Dataset items:
========
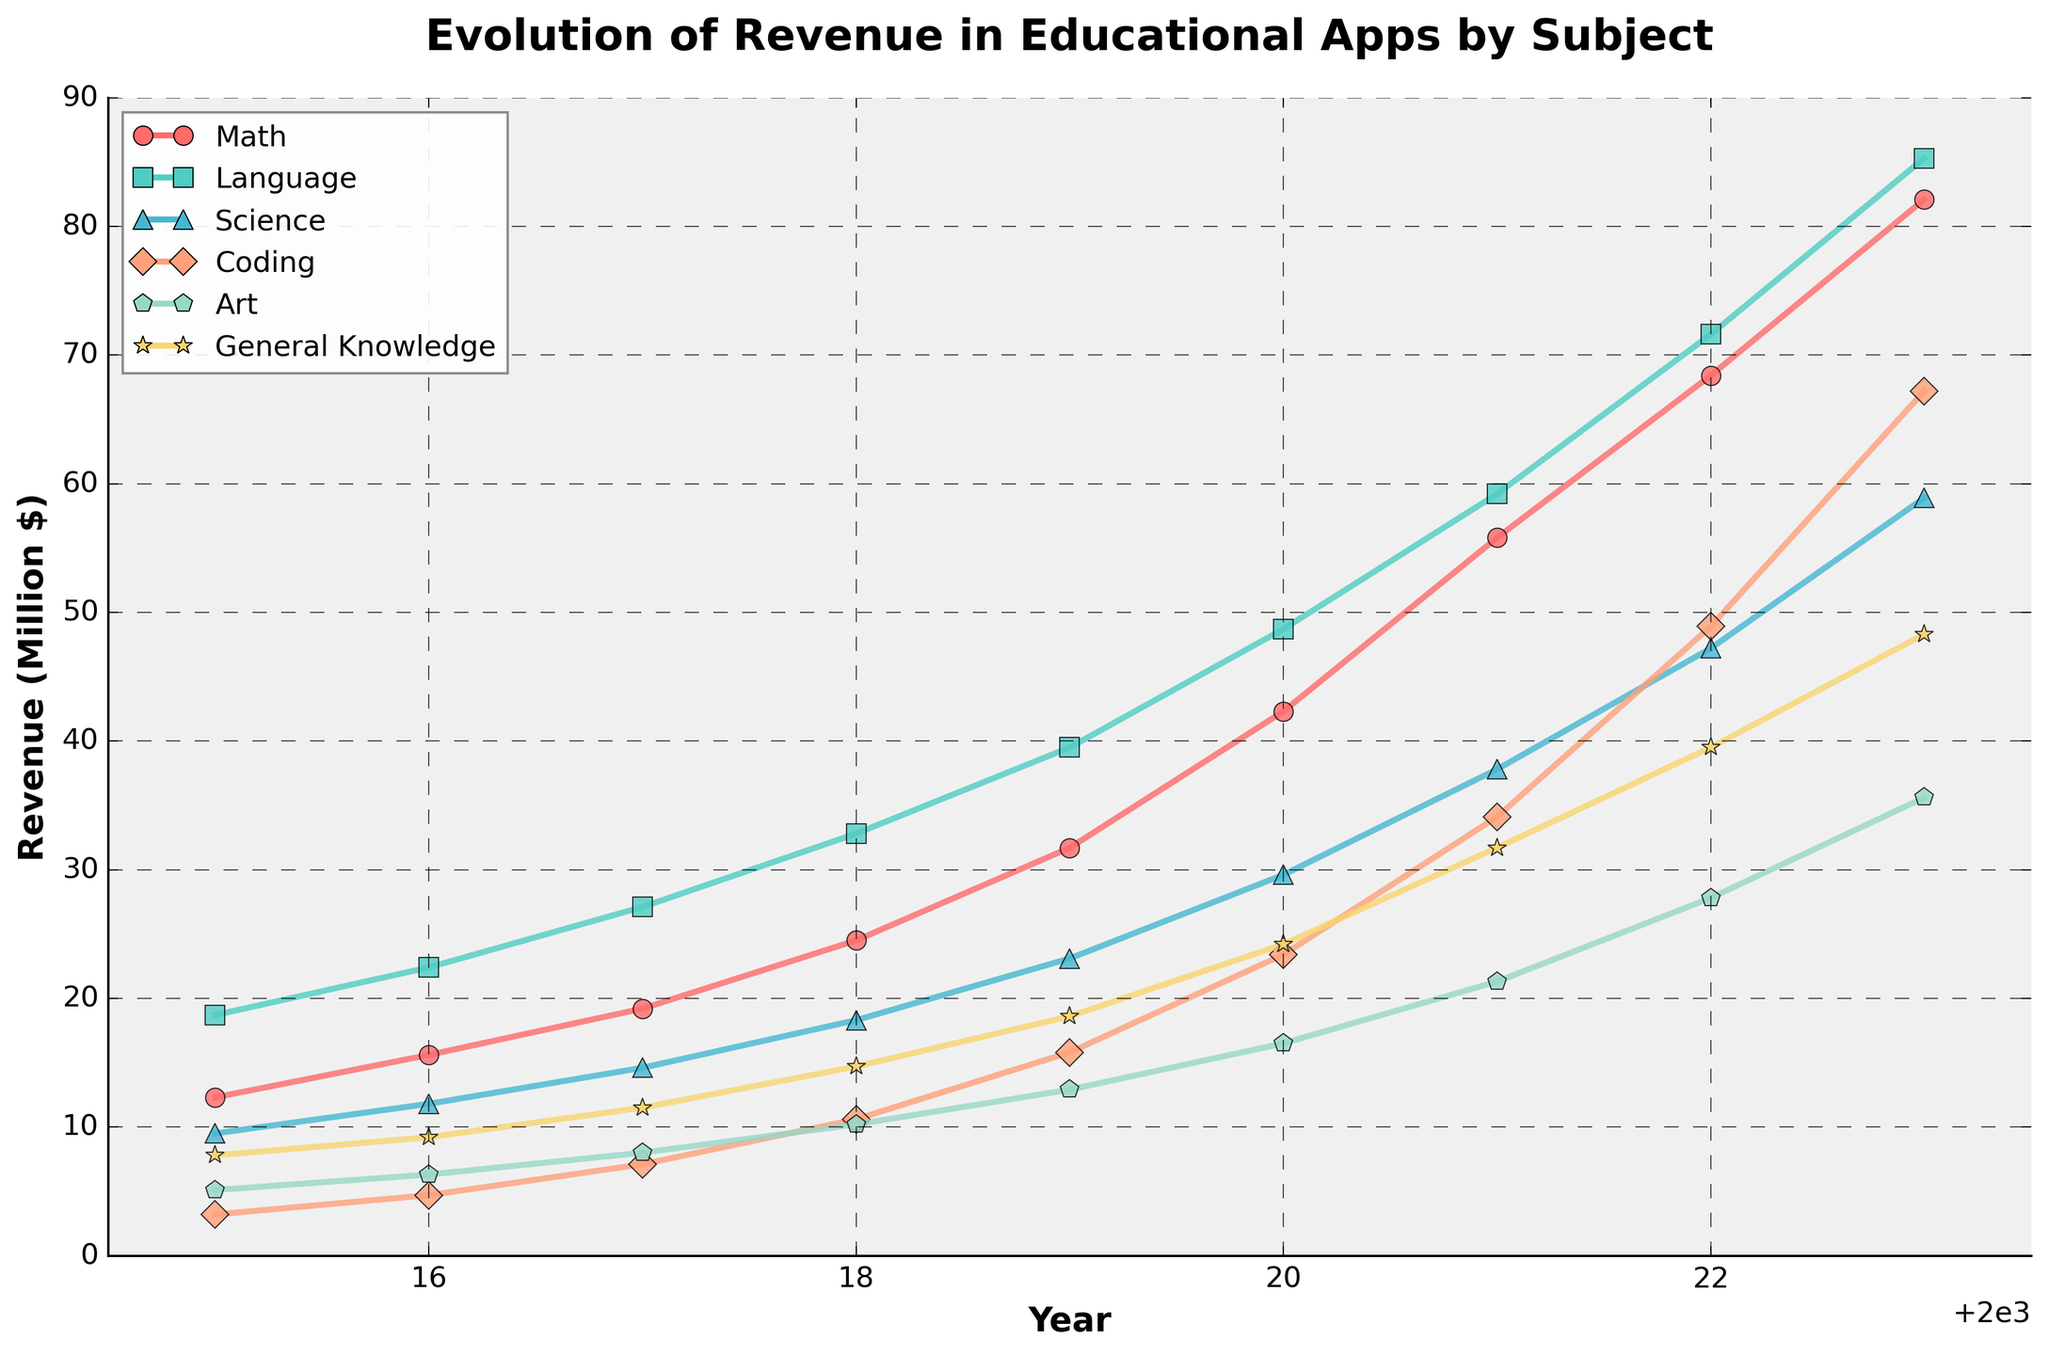Which subject area had the highest revenue in 2023? Looking at the data for the year 2023 across all subject areas, the highest revenue is from the subject 'Math' with a value of 82.1 million dollars.
Answer: Math How much total revenue was generated by all subject areas in 2020? Sum the values across all subject areas for the year 2020: 42.3 (Math) + 48.7 (Language) + 29.6 (Science) + 23.4 (Coding) + 16.5 (Art) + 24.2 (General Knowledge) = 184.7 million dollars.
Answer: 184.7 Which subject areas showed a consistent increase in revenue from 2015 to 2023? Examining each subject from 2015 to 2023: Math, Language, Science, Coding, Art, and General Knowledge all show a consistent increase every year in their respective revenues.
Answer: Math, Language, Science, Coding, Art, General Knowledge What is the average annual revenue growth for the Language subject from 2015 to 2023? Calculate the revenue increase for Language from 2015 to 2023: (85.3 - 18.7) = 66.6 million dollars. Divide this by the number of years: 66.6 / (2023 - 2015) = 66.6 / 8 = 8.325 million dollars per year on average.
Answer: 8.325 Which subject had the lowest revenue in 2019 and how much was it? Reviewing the data for 2019, 'Art' had the lowest revenue with 12.9 million dollars.
Answer: Art, 12.9 Compare the revenue growth between Coding and Art from 2018 to 2023. Which subject grew more and by how much? Calculate the growth for Coding: 67.2 (2023) - 10.6 (2018) = 56.6 million dollars. Calculate the growth for Art: 35.6 (2023) - 10.2 (2018) = 25.4 million dollars. The difference in growth: 56.6 - 25.4 = 31.2 million dollars. Coding grew more by 31.2 million dollars.
Answer: Coding, 31.2 In which year did General Knowledge and Coding revenues become equal, and how much was it? In 2017, both General Knowledge and Coding revenues were 11.5 million dollars.
Answer: 2017, 11.5 Which subject had the sharpest increase in revenue from 2015 to 2023? Calculate the revenue increase for each subject from 2015 to 2023: Math (82.1 - 12.3 = 69.8), Language (85.3 - 18.7 = 66.6), Science (58.9 - 9.5 = 49.4), Coding (67.2 - 3.2 = 64), Art (35.6 - 5.1 = 30.5), General Knowledge (48.3 - 7.8 = 40.5). Math had the sharpest increase with 69.8 million dollars.
Answer: Math
========
Goal of the exercise:
Wherever a line of the data holds "revenues", copy that line.

Written solution:
Answer: 184.7 Which subject areas showed a consistent increase in revenue from 2015 to 2023? Examining each subject from 2015 to 2023: Math, Language, Science, Coding, Art, and General Knowledge all show a consistent increase every year in their respective revenues.
Answer: Coding, 31.2 In which year did General Knowledge and Coding revenues become equal, and how much was it? In 2017, both General Knowledge and Coding revenues were 11.5 million dollars.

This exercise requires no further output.